Мы не хотим быть толпой – «все как один», безголосой фигурой на шахматной доске большой политики. Мы не хотим быть маленькими винтиками. Ведь коммунизм начинается тогда, когда человек перестает чувствовать себя бесправной деталью большой машины, когда он считает себя хозяином всего и знает, что ему доверяют и прислушиваются к его мнению, и прислушиваются по-настоящему, а не потому, что наверху решили, что он должен иметь такое мнение.
Мы хотим, чтобы нам доверяли, чтобы у нас было право на поиск.
Вот пример.
Ты помнишь, отец, историю моего товарища, Сережи?
Он вернулся из Донбасса и привез превосходную картину «Шахтеры».
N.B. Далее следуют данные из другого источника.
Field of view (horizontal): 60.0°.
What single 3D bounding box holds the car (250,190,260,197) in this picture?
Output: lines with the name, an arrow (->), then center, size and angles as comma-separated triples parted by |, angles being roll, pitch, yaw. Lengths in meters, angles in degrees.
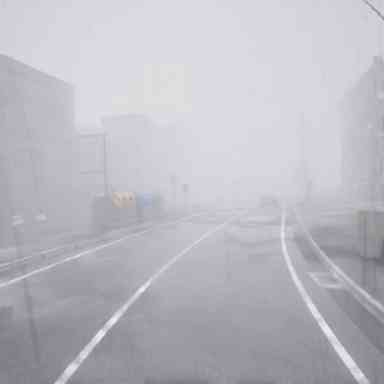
car -> 12.323, 0.322, 63.860 | 2.097, 1.767, 4.553 | -1, 1, 16

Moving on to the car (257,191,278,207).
car -> 8.767, 0.940, 37.953 | 1.812, 1.442, 4.674 | -1, 1, 16
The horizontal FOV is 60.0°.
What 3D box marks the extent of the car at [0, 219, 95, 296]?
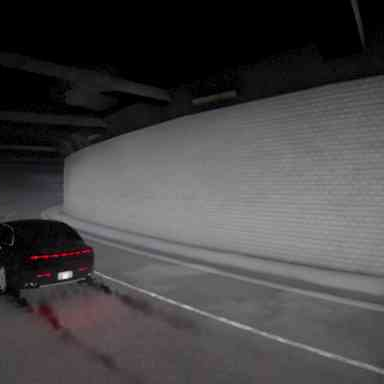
[{"bbox_3d":[-4.288,1.471,8.711,1.837,1.490,4.892,0,0,-43],"label":"car"}]
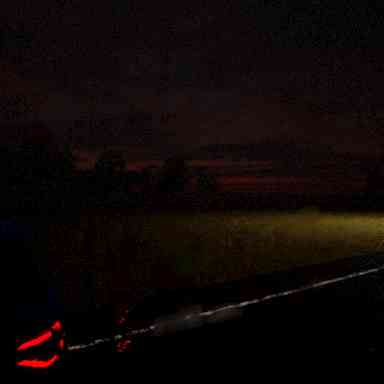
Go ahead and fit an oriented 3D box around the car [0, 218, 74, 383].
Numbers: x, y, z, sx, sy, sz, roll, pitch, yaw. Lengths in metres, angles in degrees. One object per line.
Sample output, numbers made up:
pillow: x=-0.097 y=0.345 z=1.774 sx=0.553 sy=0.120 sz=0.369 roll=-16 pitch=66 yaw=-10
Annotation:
car: x=-3.473 y=1.207 z=1.518 sx=5.566 sy=2.045 sz=2.150 roll=0 pitch=0 yaw=-35
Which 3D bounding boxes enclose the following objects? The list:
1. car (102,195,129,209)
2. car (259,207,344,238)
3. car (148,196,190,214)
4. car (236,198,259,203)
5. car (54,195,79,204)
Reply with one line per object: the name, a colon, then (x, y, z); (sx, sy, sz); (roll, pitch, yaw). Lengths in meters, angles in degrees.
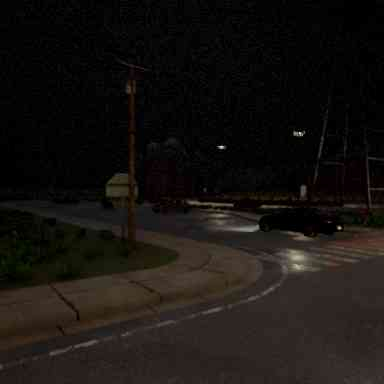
car: (-10.681, 1.327, 46.518); (3.866, 1.878, 1.905); (0, 0, -36)
car: (5.711, 1.537, 17.823); (1.812, 1.442, 4.674); (0, 0, -36)
car: (-2.264, 1.520, 35.971); (4.193, 1.474, 1.816); (0, 0, -36)
car: (7.417, 1.545, 44.527); (3.905, 1.438, 1.784); (0, 0, -36)
car: (-24.969, 1.493, 66.058); (4.611, 1.667, 2.242); (0, 0, -36)
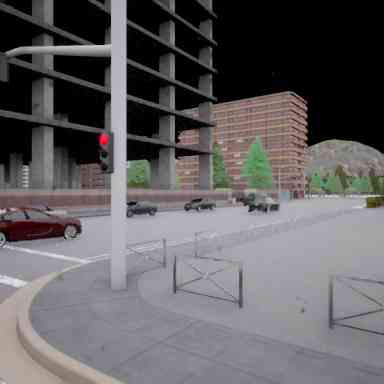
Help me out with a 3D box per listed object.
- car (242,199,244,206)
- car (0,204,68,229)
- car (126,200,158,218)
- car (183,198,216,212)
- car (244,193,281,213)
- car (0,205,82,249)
[{"bbox_3d":[9.748,1.150,50.741,2.150,2.045,5.566,0,0,35],"label":"car"},{"bbox_3d":[-10.817,1.545,21.886,1.895,1.301,4.718,0,0,35],"label":"car"},{"bbox_3d":[-5.042,1.470,30.019,1.812,1.442,4.674,0,0,36],"label":"car"},{"bbox_3d":[0.952,1.449,38.482,1.837,1.490,4.892,0,0,35],"label":"car"},{"bbox_3d":[7.875,1.296,35.812,2.097,1.767,4.553,0,0,35],"label":"car"},{"bbox_3d":[-7.245,1.420,14.447,1.882,1.535,5.008,1,0,38],"label":"car"}]
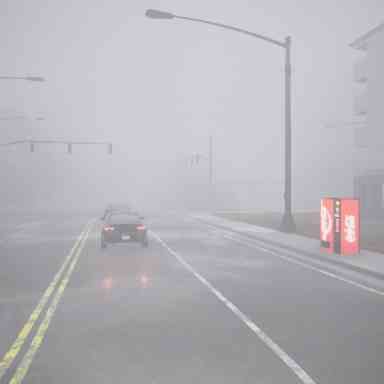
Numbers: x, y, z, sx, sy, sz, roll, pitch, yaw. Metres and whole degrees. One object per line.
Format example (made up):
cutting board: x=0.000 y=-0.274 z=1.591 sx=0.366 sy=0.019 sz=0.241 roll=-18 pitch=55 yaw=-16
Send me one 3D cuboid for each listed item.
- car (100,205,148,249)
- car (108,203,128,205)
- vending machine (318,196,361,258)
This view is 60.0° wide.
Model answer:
car: x=-3.027 y=1.526 z=14.638 sx=1.812 sy=1.442 sz=4.674 roll=0 pitch=0 yaw=-14
car: x=-5.250 y=1.478 z=23.414 sx=1.882 sy=1.535 sz=5.008 roll=0 pitch=0 yaw=-14
vending machine: x=5.230 y=1.195 z=11.823 sx=1.100 sy=2.100 sz=0.880 roll=0 pitch=0 yaw=-14

…Уставшие, черные от угольной пыли, еще не остывшие от напряженного труда, молодые ребята вразвалку шагают по залитой весенним светом дороге. Контрасты черных лиц с ослепительным светом дня, следов усталости с затаенными улыбками вполне довольных своей трудовой судьбой людей, темных терриконов с полосой голубого неба делали картину выразительной и по-настоящему жизнеутверждающей.
На выставкоме Сереже категорически заявили: много темного.
Не типично для нашей действительности.
И кто-то из «китов», имевших тогда вес, предложил – чтобы картина пришла в «равновесие» – поставить рядом с шахтерами девочек в белых платьях, которые вручают рабочим пышные букеты цветов.
Сереже хотелось, очень хотелось хоть раз выставиться перед большой аудиторией. И он… подчинился.
А зрители шли мимо картины – холодные, равнодушные, останавливаясь разве только для того, чтобы отпустить пару иронических замечаний по поводу ангелочков с цветами.
И хотя картину эту воспроизвел один очень распространенный иллюстрированный журнал, все же она с треском провалилась. И Сережа тогда сказал: «Меня как будто растоптали».
А потом написал такую же картину. А ведь он был способным художником!
Хорошо, что другие наши ребята не сломались.
Мы любим свое дело, и мы хотим, чтобы живопись помогала людям жить, чтобы она звала и воспитывала, а не была равнодушной, раскрашенной фотографией.
Ты мне всегда говоришь, что я все отрицаю огульно. Это неверно! В нашей современной живописи много хорошего: Сарьян, Нисский, Дейнека, Чуйков – отличные художники старшего поколения. Нет, не о них речь. Когда появилось столько талантливой молодежи, когда получили признание новые приемы изображения, нельзя пользоваться только старыми. Древние создавали прекрасные здания из тесаного камня. Но кому придет в голову использовать тесаный камень сегодня, в век бетона, стекла и алюминия?